Given the records below, would you repeat exactly the lines that begin at the one containing "This view is" and end at the one containing "euler = 10, 65, -1", inclusive?

- **PROVIDED DATA**:
※ ※ ※

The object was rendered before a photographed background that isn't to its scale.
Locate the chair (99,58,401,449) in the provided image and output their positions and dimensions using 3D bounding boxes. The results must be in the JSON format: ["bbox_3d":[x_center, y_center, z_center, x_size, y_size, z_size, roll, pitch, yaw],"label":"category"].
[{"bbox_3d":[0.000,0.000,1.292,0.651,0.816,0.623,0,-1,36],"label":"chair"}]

※ ※ ※

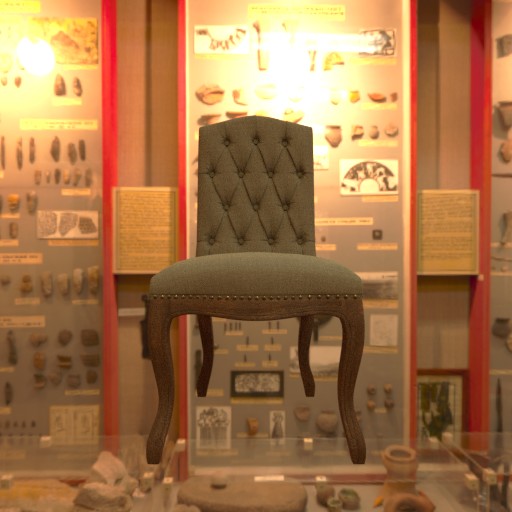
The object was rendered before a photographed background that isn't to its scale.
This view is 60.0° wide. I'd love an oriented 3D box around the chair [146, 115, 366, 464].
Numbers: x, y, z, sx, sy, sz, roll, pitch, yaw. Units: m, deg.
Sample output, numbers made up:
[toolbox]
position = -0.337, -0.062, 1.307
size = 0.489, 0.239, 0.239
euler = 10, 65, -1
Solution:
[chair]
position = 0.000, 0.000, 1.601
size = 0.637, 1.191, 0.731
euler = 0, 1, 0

※ ※ ※

- **ANSWER FOR THIS EXERCISE**:
This view is 60.0° wide. I'd love an oriented 3D box around the chair [146, 115, 366, 464].
Numbers: x, y, z, sx, sy, sz, roll, pitch, yaw. Units: m, deg.
Sample output, numbers made up:
[toolbox]
position = -0.337, -0.062, 1.307
size = 0.489, 0.239, 0.239
euler = 10, 65, -1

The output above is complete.